═══ Provided material ═══

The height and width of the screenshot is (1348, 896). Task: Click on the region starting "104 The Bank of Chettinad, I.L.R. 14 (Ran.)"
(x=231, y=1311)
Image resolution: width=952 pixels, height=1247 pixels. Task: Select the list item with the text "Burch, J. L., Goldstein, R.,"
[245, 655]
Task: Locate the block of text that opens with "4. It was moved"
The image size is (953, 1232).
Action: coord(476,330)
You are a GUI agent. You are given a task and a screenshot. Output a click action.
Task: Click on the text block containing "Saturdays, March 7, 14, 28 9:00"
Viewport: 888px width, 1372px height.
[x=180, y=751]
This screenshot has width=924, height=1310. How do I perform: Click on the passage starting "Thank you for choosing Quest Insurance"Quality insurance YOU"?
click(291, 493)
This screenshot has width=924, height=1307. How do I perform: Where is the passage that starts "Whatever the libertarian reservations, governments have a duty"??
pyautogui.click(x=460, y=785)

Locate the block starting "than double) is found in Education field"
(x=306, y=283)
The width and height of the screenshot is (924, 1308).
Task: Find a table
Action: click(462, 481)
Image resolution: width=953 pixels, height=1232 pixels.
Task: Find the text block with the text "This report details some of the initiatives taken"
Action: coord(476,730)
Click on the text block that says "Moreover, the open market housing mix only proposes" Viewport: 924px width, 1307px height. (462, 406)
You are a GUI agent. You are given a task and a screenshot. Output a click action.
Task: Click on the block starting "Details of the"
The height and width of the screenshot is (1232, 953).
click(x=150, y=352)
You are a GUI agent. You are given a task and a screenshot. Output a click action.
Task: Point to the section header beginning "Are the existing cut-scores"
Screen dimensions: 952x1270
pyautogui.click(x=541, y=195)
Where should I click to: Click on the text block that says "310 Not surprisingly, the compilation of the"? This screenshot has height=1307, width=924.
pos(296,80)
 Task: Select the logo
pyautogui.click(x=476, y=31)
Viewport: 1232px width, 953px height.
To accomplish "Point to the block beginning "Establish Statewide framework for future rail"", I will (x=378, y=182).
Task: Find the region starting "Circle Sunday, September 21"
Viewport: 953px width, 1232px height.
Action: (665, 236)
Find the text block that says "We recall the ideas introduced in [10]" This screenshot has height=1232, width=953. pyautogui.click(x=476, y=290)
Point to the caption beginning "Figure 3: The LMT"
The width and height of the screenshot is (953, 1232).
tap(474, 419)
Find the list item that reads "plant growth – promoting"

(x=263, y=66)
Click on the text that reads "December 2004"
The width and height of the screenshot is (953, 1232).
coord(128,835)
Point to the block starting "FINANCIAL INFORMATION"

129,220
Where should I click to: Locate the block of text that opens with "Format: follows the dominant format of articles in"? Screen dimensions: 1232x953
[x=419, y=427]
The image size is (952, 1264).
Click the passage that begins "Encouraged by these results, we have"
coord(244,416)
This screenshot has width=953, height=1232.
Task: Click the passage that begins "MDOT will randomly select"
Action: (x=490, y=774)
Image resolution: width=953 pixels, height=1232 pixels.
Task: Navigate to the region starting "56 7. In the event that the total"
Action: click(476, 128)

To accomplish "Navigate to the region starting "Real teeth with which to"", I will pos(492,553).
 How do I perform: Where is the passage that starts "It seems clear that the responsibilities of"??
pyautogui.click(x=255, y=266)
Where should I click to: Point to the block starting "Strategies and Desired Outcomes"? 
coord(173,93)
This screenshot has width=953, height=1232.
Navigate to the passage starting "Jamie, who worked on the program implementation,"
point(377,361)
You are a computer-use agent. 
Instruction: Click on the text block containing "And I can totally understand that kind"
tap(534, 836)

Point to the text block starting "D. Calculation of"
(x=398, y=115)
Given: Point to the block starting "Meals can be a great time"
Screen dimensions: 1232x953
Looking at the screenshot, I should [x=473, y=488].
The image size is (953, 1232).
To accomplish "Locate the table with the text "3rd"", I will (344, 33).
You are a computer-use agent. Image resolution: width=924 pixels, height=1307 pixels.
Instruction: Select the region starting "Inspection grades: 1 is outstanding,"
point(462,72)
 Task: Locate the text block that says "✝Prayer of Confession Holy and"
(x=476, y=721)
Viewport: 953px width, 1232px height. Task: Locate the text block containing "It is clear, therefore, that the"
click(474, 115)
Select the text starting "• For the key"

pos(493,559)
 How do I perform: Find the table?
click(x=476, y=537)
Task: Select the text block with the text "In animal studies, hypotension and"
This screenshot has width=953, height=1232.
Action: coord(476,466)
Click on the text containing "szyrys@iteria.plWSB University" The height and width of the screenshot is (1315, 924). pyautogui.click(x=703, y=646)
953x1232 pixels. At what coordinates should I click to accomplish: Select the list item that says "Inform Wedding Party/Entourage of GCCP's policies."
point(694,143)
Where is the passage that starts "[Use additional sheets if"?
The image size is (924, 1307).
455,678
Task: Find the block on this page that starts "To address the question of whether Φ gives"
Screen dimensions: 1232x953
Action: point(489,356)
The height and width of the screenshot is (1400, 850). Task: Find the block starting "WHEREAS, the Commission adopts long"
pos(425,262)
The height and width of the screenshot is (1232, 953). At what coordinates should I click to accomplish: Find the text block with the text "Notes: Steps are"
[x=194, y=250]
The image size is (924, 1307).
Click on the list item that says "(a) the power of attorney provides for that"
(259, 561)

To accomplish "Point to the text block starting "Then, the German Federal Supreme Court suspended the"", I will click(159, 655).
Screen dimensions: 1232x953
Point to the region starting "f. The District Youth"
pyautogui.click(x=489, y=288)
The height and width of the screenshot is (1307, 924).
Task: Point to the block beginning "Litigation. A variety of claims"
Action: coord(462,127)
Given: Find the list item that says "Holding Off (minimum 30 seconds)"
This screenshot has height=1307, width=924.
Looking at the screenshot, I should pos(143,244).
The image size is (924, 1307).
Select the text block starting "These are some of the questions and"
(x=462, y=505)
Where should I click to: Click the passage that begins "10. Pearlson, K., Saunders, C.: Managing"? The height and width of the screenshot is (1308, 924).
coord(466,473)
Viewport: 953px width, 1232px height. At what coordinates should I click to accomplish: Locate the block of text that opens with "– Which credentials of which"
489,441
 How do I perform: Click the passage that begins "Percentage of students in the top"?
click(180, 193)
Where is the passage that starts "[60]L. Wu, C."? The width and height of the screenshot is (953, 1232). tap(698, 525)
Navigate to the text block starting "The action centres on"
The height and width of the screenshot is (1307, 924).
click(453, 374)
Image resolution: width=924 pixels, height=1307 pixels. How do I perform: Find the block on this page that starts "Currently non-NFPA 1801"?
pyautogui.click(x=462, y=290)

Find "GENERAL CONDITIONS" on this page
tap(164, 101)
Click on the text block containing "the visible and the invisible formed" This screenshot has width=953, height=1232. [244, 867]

═══

About this exercise => Retype only this portion of the data above: the line containing "Task: Click on the block", the line containing "Task: Point to the section", and all lines between them, exactly.

Exercise answer =>
Task: Click on the block starting "Details of the"
The height and width of the screenshot is (1232, 953).
click(x=150, y=352)
You are a GUI agent. You are given a task and a screenshot. Output a click action.
Task: Point to the section header beginning "Are the existing cut-scores"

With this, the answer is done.